What you are asked to do: From the line containing "13) doll [369, 214, 395, 243]" through the last line of the entries below, print each line exactly. Pictures stay out.
= = = = =
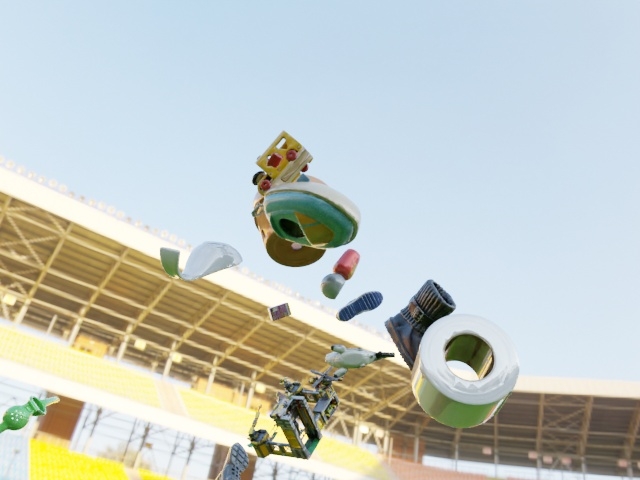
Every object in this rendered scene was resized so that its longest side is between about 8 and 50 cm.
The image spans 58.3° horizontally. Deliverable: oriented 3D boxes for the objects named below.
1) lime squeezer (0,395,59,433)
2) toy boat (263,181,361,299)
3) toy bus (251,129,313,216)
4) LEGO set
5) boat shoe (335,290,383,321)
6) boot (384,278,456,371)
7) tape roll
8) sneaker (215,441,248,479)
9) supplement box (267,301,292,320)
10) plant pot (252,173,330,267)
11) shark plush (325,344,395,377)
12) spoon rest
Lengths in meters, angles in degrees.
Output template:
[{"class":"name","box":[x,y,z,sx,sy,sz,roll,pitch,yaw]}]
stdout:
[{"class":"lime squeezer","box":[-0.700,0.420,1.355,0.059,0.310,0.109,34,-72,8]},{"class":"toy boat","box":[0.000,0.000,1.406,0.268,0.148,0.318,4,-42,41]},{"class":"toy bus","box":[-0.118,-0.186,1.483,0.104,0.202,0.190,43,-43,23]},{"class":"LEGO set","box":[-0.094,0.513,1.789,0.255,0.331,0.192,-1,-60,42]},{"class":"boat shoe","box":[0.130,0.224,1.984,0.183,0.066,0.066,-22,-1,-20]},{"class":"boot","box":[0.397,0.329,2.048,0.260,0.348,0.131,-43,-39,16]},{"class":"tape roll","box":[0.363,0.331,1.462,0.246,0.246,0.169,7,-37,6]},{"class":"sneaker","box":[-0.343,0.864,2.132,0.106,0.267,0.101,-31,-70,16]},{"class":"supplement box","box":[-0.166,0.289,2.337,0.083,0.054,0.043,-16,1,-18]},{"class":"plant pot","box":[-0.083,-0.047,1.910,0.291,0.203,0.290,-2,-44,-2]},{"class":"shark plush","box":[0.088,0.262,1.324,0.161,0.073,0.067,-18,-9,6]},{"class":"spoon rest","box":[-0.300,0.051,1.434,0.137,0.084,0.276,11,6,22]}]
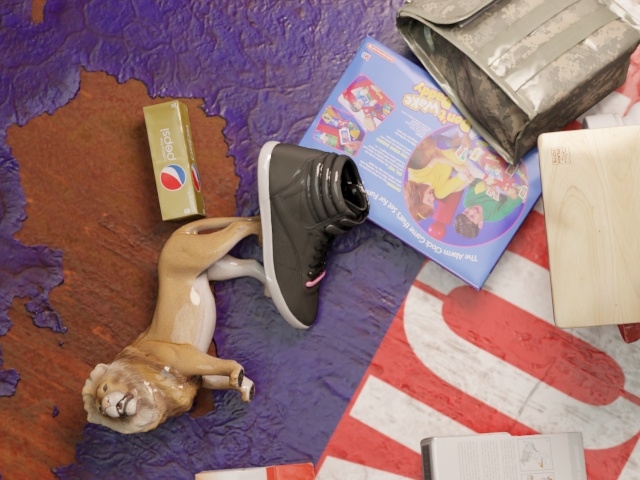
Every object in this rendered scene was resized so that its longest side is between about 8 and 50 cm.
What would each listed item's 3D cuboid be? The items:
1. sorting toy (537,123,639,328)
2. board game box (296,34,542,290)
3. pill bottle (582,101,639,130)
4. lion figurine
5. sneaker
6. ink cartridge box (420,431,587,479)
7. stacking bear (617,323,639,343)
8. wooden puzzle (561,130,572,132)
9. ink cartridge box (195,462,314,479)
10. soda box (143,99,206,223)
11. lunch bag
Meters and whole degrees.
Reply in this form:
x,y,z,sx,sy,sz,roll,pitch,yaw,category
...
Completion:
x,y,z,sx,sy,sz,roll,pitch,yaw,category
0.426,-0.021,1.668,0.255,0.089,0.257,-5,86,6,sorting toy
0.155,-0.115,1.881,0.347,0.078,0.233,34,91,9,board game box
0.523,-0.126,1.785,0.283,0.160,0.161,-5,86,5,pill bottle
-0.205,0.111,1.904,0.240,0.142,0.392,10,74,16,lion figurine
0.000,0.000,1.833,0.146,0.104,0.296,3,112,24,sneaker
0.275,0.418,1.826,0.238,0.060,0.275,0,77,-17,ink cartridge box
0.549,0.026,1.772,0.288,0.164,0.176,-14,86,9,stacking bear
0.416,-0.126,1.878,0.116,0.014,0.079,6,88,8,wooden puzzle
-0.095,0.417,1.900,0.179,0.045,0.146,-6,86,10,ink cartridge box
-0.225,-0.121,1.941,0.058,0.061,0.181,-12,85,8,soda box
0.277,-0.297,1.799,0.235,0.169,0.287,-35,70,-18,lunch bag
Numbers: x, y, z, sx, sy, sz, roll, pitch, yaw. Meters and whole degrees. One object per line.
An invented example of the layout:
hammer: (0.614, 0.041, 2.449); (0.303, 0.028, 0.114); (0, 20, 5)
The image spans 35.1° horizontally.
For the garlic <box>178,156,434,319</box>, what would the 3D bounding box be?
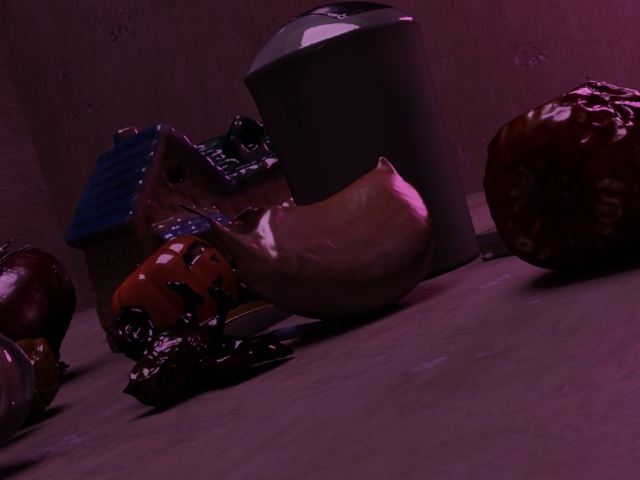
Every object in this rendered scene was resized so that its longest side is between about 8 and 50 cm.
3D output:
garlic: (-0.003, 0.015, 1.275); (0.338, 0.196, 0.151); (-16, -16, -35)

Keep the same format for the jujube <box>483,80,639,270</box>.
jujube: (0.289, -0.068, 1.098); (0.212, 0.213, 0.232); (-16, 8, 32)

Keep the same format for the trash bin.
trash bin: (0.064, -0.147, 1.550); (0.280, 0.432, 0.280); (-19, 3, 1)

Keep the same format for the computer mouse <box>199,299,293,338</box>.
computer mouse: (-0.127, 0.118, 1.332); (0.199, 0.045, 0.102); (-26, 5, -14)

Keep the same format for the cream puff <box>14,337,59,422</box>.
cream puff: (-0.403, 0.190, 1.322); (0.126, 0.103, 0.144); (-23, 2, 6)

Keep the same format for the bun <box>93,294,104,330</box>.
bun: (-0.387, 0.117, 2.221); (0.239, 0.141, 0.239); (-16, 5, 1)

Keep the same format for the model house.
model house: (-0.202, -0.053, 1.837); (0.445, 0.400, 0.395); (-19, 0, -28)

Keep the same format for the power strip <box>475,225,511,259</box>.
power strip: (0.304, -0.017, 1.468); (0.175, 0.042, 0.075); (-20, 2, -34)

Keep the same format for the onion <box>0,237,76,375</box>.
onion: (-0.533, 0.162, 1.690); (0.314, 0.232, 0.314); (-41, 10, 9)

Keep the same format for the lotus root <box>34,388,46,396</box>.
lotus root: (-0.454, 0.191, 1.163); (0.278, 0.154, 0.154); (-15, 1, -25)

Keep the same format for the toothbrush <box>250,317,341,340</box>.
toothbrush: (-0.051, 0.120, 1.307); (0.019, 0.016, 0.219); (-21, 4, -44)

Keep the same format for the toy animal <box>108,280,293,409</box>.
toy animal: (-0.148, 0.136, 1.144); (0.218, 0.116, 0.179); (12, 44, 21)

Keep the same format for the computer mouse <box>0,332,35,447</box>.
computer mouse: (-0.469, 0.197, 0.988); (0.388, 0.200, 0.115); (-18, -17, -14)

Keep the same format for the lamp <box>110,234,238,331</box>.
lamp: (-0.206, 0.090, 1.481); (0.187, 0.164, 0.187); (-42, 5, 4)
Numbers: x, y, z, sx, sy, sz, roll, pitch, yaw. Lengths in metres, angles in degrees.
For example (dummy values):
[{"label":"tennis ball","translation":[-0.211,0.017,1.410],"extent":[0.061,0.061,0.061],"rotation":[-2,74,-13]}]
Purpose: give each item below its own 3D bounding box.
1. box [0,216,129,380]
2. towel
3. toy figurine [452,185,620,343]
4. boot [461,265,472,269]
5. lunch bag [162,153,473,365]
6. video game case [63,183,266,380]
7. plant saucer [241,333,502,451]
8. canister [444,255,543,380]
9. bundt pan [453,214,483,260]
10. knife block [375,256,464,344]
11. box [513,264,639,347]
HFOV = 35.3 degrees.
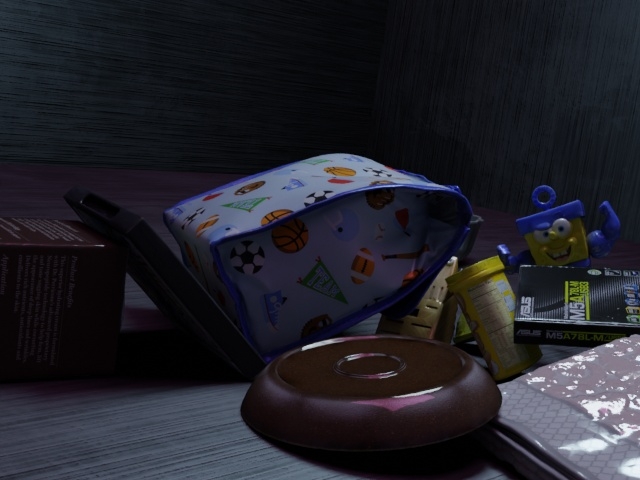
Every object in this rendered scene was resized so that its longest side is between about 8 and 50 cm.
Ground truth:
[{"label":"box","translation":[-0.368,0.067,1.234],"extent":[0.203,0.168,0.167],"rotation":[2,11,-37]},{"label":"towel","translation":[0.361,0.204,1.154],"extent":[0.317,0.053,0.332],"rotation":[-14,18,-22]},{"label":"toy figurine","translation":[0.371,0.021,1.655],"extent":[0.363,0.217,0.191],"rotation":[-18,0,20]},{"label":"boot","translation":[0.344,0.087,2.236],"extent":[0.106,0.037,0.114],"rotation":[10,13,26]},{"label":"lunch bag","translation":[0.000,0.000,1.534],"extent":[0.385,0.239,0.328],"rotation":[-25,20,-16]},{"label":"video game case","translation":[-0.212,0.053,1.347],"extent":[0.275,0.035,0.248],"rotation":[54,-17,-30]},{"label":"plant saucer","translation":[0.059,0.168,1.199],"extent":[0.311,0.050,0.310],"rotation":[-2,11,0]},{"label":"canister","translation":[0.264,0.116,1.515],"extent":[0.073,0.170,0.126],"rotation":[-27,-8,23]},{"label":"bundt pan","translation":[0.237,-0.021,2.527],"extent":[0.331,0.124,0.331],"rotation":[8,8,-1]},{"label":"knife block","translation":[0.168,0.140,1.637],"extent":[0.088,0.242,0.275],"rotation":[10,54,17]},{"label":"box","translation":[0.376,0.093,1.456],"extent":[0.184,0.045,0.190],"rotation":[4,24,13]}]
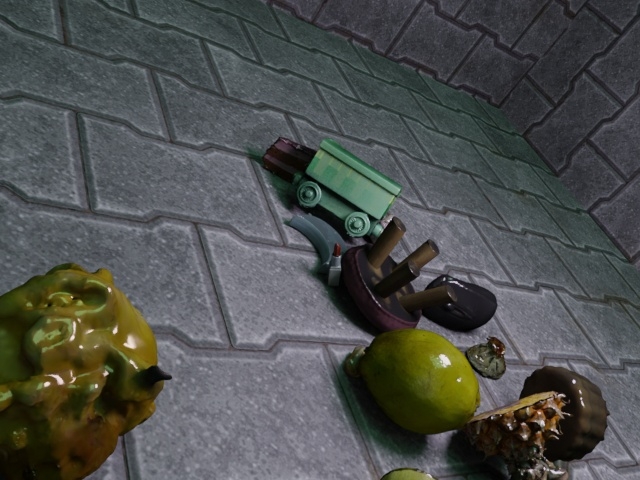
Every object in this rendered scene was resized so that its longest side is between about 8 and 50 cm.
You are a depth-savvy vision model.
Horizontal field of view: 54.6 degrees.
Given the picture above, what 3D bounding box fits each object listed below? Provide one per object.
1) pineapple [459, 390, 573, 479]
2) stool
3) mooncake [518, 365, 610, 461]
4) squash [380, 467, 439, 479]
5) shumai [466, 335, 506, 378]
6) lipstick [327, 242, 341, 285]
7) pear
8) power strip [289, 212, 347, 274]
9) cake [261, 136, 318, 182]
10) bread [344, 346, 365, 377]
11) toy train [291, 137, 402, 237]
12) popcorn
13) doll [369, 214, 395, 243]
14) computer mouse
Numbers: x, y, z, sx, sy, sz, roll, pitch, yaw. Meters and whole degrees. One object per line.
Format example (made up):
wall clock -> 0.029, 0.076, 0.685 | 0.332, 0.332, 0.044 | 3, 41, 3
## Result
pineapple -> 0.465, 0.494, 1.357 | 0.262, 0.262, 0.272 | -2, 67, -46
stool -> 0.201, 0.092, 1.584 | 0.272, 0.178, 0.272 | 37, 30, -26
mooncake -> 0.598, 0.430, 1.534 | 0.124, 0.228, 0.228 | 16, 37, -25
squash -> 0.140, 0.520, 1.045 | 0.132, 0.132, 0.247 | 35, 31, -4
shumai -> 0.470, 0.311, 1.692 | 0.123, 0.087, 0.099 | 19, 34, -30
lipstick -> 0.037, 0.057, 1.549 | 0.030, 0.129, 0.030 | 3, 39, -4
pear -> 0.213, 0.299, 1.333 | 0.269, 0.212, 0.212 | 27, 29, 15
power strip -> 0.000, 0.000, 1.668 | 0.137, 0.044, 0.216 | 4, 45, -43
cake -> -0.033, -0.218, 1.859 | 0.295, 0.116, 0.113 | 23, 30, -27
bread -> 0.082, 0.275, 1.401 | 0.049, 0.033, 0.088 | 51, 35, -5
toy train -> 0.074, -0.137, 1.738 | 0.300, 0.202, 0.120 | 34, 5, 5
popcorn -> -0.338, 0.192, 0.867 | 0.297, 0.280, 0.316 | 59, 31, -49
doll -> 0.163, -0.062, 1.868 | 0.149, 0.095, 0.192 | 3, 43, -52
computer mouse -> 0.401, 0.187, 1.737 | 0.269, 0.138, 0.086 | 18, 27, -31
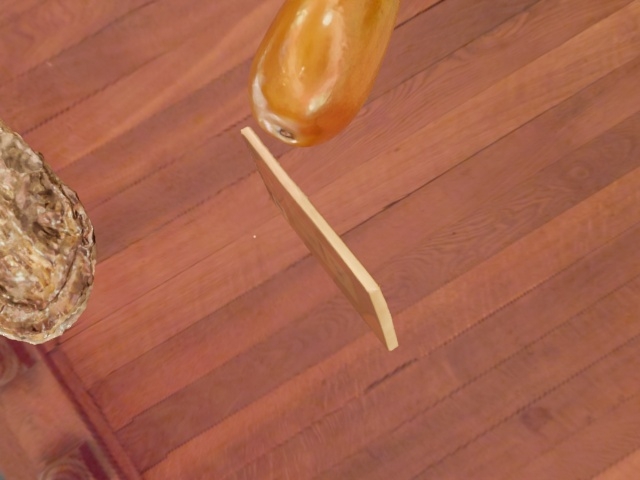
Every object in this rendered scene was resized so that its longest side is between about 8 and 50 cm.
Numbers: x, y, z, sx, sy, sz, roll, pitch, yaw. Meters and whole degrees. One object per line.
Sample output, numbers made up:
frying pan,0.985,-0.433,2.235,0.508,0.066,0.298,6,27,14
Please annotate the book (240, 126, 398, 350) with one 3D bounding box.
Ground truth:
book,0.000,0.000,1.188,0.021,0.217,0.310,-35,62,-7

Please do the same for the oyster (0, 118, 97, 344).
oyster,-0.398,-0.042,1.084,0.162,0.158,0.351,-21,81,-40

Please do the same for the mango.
= = = = =
Answer box:
13) doll [369, 214, 395, 243]
14) computer mouse
Numbers: x, y, z, sx, sy, sz, roll, pitch, yaw. Meters and whole degrees. One object per line.
Format example (made up):
wall clock -> 0.029, 0.076, 0.685 | 0.332, 0.332, 0.044 | 3, 41, 3
## Result
pineapple -> 0.465, 0.494, 1.357 | 0.262, 0.262, 0.272 | -2, 67, -46
stool -> 0.201, 0.092, 1.584 | 0.272, 0.178, 0.272 | 37, 30, -26
mooncake -> 0.598, 0.430, 1.534 | 0.124, 0.228, 0.228 | 16, 37, -25
squash -> 0.140, 0.520, 1.045 | 0.132, 0.132, 0.247 | 35, 31, -4
shumai -> 0.470, 0.311, 1.692 | 0.123, 0.087, 0.099 | 19, 34, -30
lipstick -> 0.037, 0.057, 1.549 | 0.030, 0.129, 0.030 | 3, 39, -4
pear -> 0.213, 0.299, 1.333 | 0.269, 0.212, 0.212 | 27, 29, 15
power strip -> 0.000, 0.000, 1.668 | 0.137, 0.044, 0.216 | 4, 45, -43
cake -> -0.033, -0.218, 1.859 | 0.295, 0.116, 0.113 | 23, 30, -27
bread -> 0.082, 0.275, 1.401 | 0.049, 0.033, 0.088 | 51, 35, -5
toy train -> 0.074, -0.137, 1.738 | 0.300, 0.202, 0.120 | 34, 5, 5
popcorn -> -0.338, 0.192, 0.867 | 0.297, 0.280, 0.316 | 59, 31, -49
doll -> 0.163, -0.062, 1.868 | 0.149, 0.095, 0.192 | 3, 43, -52
computer mouse -> 0.401, 0.187, 1.737 | 0.269, 0.138, 0.086 | 18, 27, -31
Every object in this rendered scene was resized so that its longest side is between about 8 and 50 cm.
Numbers: x, y, z, sx, sy, sz, roll, pitch, yaw. Meters and whole degrees. One object per line.
Sample output, numbers made up:
frying pan,0.985,-0.433,2.235,0.508,0.066,0.298,6,27,14
Please annotate the book (240, 126, 398, 350) with one 3D bounding box.
Ground truth:
book,0.000,0.000,1.188,0.021,0.217,0.310,-35,62,-7

Please do the same for the oyster (0, 118, 97, 344).
oyster,-0.398,-0.042,1.084,0.162,0.158,0.351,-21,81,-40

Please do the same for the mango.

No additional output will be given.